Do you stall your minis when you camp with them? Do you take your own panels or use the ones at the camp grounds? Do you highline?

Sounds like a blast! Bet you get a lot of people stopping by to say hi when you camp with the little guys.


----------



## jeanniecogan (Aug 1, 2017)

I usually hi line, but when i am by myself i usually tie them all over and let them graze., keeping them out of the living area of course. At night i tie them to the trailer with hay and water.

i use a two wheel cart i had made 15-20 years ago just a cart. single person seat. i am on the heavy side and with me and the lighter cart it is easier on Charlie to pull me. He likes to go, loves to see what is around the next corner.

Talking about people stopping by, you're right, i never get lonesome and i think horse camping people are the BEST.

i am going camping again soon, i will take some pics. and try to get them on here.


----------



## Cayuse (Aug 1, 2017)

I wish we could camp around here but I think the nearest place that lets horses in is about 8-9 hours from here in Bar Harbor, Maine (I am pretty!sure it is Bar Harbor). I have a friend who has taken her big horse for a week at a time and has a great time. The trails are good for driving, too. It was always a dream of mine to go, but I have too much at home that keeps me tied there.


----------



## jeanniecogan (Aug 6, 2017)

Here are a few pics from some of my camping trips to Wranglers.

the first one is Charlie getting dressed up to go out on the trail.

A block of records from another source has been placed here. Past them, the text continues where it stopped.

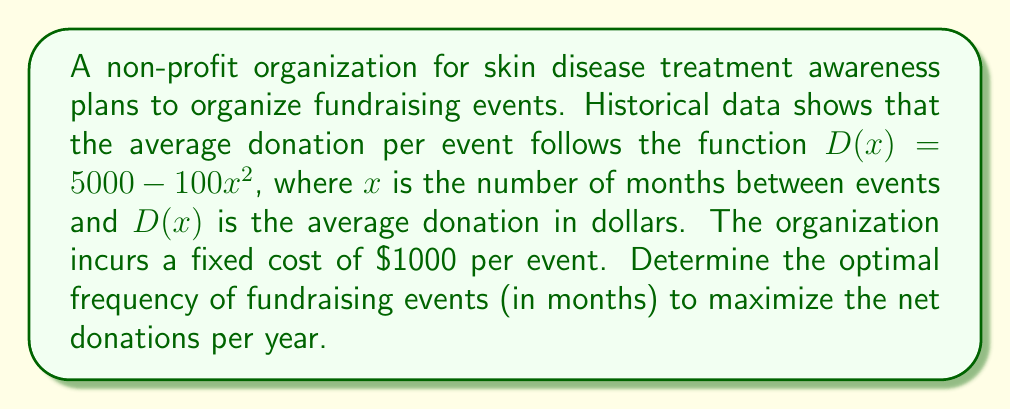What is the answer to this math problem? To solve this optimization problem, we need to follow these steps:

1. Define the objective function:
Let $f(x)$ be the net donation per year.
$$f(x) = \frac{12}{x}(D(x) - 1000)$$
Where $\frac{12}{x}$ is the number of events per year, and $(D(x) - 1000)$ is the net donation per event.

2. Substitute $D(x)$ into the function:
$$f(x) = \frac{12}{x}(5000 - 100x^2 - 1000)$$
$$f(x) = \frac{12}{x}(4000 - 100x^2)$$

3. Expand the function:
$$f(x) = 48000x^{-1} - 1200x$$

4. To find the maximum, we need to find where $f'(x) = 0$:
$$f'(x) = -48000x^{-2} - 1200$$

5. Set $f'(x) = 0$ and solve for $x$:
$$-48000x^{-2} - 1200 = 0$$
$$-48000x^{-2} = 1200$$
$$x^{-2} = \frac{1200}{48000} = \frac{1}{40}$$
$$x^2 = 40$$
$$x = \sqrt{40} \approx 6.32$$

6. Verify this is a maximum by checking the second derivative:
$$f''(x) = 96000x^{-3}$$
At $x = \sqrt{40}$, $f''(x) > 0$, confirming this is a local minimum.

7. Since $x$ represents months, we need to round to the nearest whole number:
$x \approx 6$ months
Answer: The optimal frequency for fundraising events is approximately 6 months to maximize net donations per year. 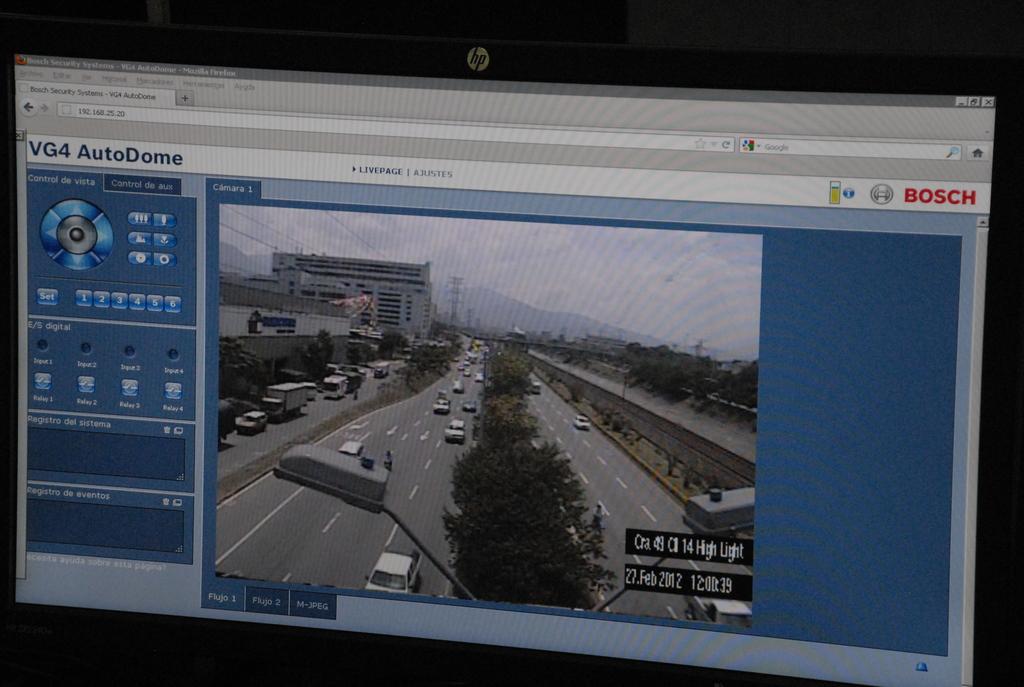What year was this footage shot?
Your answer should be compact. 2012. 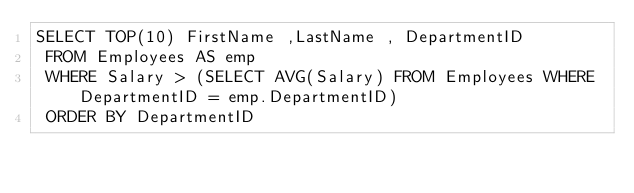Convert code to text. <code><loc_0><loc_0><loc_500><loc_500><_SQL_>SELECT TOP(10) FirstName ,LastName , DepartmentID 
 FROM Employees AS emp
 WHERE Salary > (SELECT AVG(Salary) FROM Employees WHERE DepartmentID = emp.DepartmentID)
 ORDER BY DepartmentID</code> 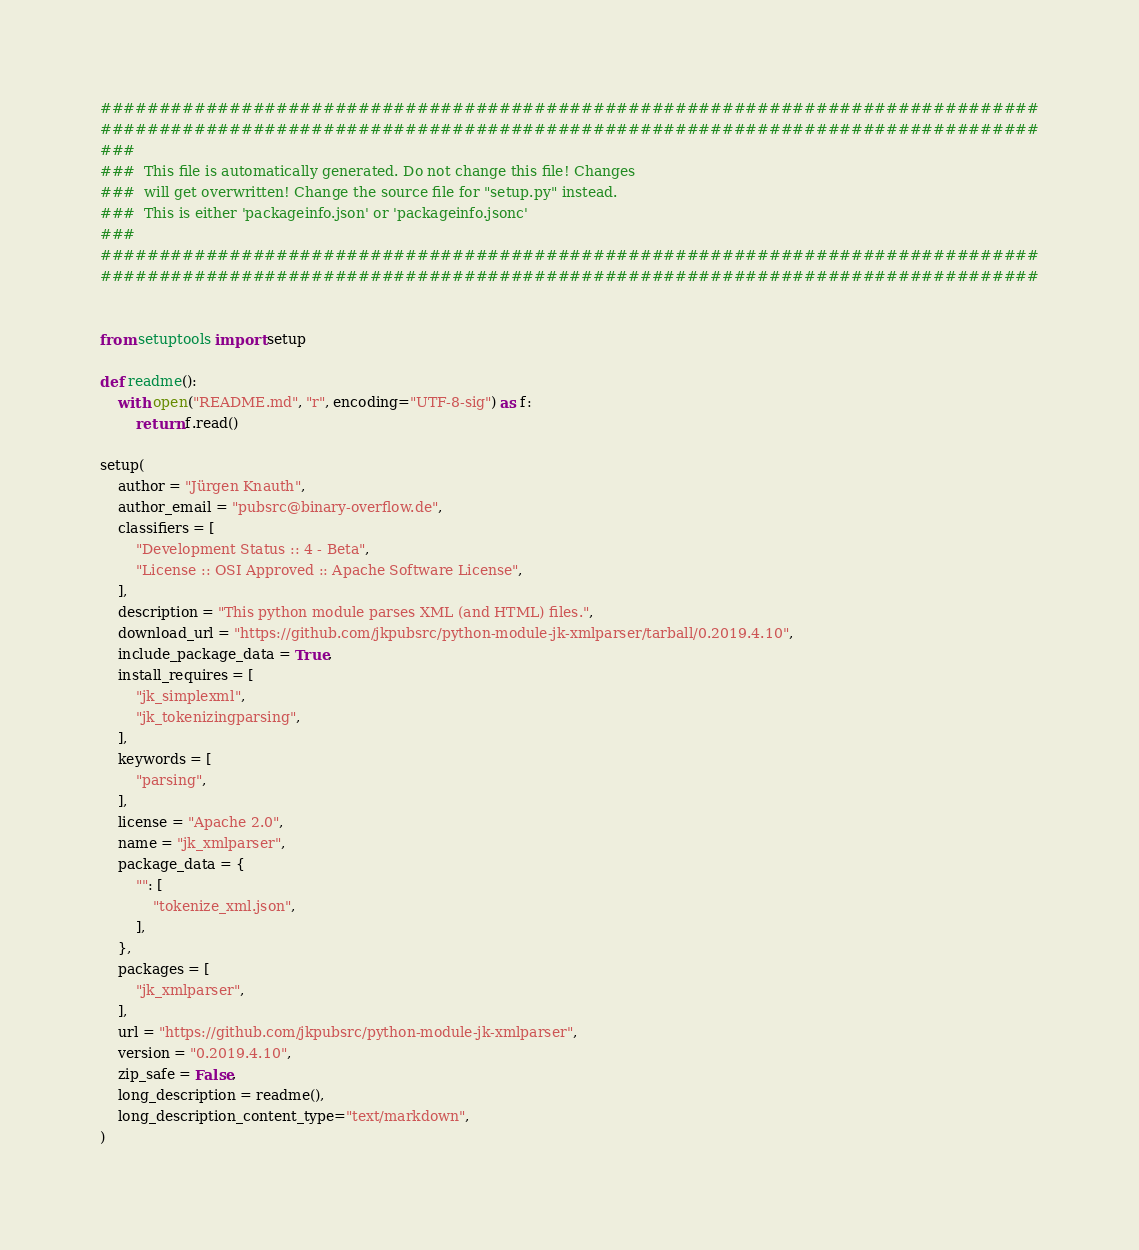Convert code to text. <code><loc_0><loc_0><loc_500><loc_500><_Python_>################################################################################
################################################################################
###
###  This file is automatically generated. Do not change this file! Changes
###  will get overwritten! Change the source file for "setup.py" instead.
###  This is either 'packageinfo.json' or 'packageinfo.jsonc'
###
################################################################################
################################################################################


from setuptools import setup

def readme():
	with open("README.md", "r", encoding="UTF-8-sig") as f:
		return f.read()

setup(
	author = "Jürgen Knauth",
	author_email = "pubsrc@binary-overflow.de",
	classifiers = [
		"Development Status :: 4 - Beta",
		"License :: OSI Approved :: Apache Software License",
	],
	description = "This python module parses XML (and HTML) files.",
	download_url = "https://github.com/jkpubsrc/python-module-jk-xmlparser/tarball/0.2019.4.10",
	include_package_data = True,
	install_requires = [
		"jk_simplexml",
		"jk_tokenizingparsing",
	],
	keywords = [
		"parsing",
	],
	license = "Apache 2.0",
	name = "jk_xmlparser",
	package_data = {
		"": [
			"tokenize_xml.json",
		],
	},
	packages = [
		"jk_xmlparser",
	],
	url = "https://github.com/jkpubsrc/python-module-jk-xmlparser",
	version = "0.2019.4.10",
	zip_safe = False,
	long_description = readme(),
	long_description_content_type="text/markdown",
)
</code>

the second picture is where we would take a break at the little store and go in for a slurpee

the third one is last time i went by myself and took my dobie (Bonnie) and tied her to my end of the shafts because dogs aren't allowed loose in the camping area. She thought she needed to help Charlie pull the cart. After we got home i went out and bought her a harness. hehe it was really cute.

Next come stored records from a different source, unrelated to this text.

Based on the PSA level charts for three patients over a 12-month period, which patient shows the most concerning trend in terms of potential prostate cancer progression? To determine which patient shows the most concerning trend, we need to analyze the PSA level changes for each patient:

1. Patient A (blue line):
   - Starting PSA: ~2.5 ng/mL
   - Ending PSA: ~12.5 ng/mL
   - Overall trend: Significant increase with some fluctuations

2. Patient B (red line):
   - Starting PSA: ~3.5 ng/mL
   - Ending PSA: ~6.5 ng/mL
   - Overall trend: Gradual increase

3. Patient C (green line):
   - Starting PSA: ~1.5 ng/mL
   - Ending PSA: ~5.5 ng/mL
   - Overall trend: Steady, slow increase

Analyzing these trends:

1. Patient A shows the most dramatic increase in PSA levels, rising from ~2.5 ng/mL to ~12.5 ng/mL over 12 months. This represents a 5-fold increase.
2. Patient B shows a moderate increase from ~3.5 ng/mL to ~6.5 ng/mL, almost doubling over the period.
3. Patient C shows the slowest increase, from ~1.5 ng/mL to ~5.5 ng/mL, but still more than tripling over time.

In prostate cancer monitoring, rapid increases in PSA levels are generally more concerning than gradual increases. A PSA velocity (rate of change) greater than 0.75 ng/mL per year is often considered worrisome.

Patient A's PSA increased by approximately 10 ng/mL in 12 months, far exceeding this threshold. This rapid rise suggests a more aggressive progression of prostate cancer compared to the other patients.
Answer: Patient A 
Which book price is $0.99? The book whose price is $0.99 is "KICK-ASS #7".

The last one is of Charlie having the afternoon off.


----------



## Cayuse (Aug 6, 2017)

Bonnie looks like she is putting some muscle into it! Charlie is worth is weight in gold isn't he? What good boy he is.

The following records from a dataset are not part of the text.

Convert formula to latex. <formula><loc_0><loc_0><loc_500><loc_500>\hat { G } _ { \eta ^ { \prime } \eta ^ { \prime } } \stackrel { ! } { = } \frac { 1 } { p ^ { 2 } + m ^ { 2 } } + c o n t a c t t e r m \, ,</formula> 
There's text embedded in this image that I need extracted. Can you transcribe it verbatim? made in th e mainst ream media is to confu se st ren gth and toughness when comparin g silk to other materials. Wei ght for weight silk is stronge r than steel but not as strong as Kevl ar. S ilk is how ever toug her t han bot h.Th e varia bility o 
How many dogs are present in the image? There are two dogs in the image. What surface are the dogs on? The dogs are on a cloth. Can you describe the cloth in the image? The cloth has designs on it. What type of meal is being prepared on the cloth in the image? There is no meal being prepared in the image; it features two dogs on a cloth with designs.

Do you have living quarters in your trailer? That would be awesome! I dream of one of those, but them we

Would need a bigger truck.

Are the trails mostly through woods or are there open areas too?

Have you seen lots of wildlife while driving? BEARS!?!? MOOSE!?! ???

I hope that you post more pictures, I enjoyed those.


----------



## jeanniecogan (Aug 6, 2017)

yes, bonnie was putting her all into it. it was sooo cute. and the funny thing is, they hated each other since i got Bonnie. but now they are best buds.

you are right on about charlie. i am 75 yrs old and he seems to know i need some one to trust. the first time i drove him he was an angel and they told me he was 7. he was a special pony then. the next spring i took him to be gelded and the vet said he was "almost 3". i was sick because i had driven him so much as a 2 year old, but he has gotten stronger and stronger so i guess it turned out ok/

yes there are woods and open spaces, in the campground too.. it is everything you would want . i have been there many many times and never want to leave.

i just got this trailer 2 years ago. it is a 1993 and someone kept inside somewhere, it is really in good shape. yes it has a very small living quarters and i can fit the cart, wagon and 2 minis in the horse area. it also has a cowboy shower in the back, that s really cool.

as for wildlife yes, there are dear, raccoons, skunks , lots of birds AND alarge herd of buffalo. i haven't run into the buffalos yet.

thanks for asking Cayuse.


----------



## Marsha Cassada (Aug 7, 2017)

Do some people think Bonnie is a horse, too? Thanks for posting. A great way to enjoy the outdoors.


----------



## Cayuse (Aug 7, 2017)

Buffalo! My minis would head for the hills! Me too!


----------



## charlottein (Sep 13, 2020)

Fun, I want to try camping sometime!


----------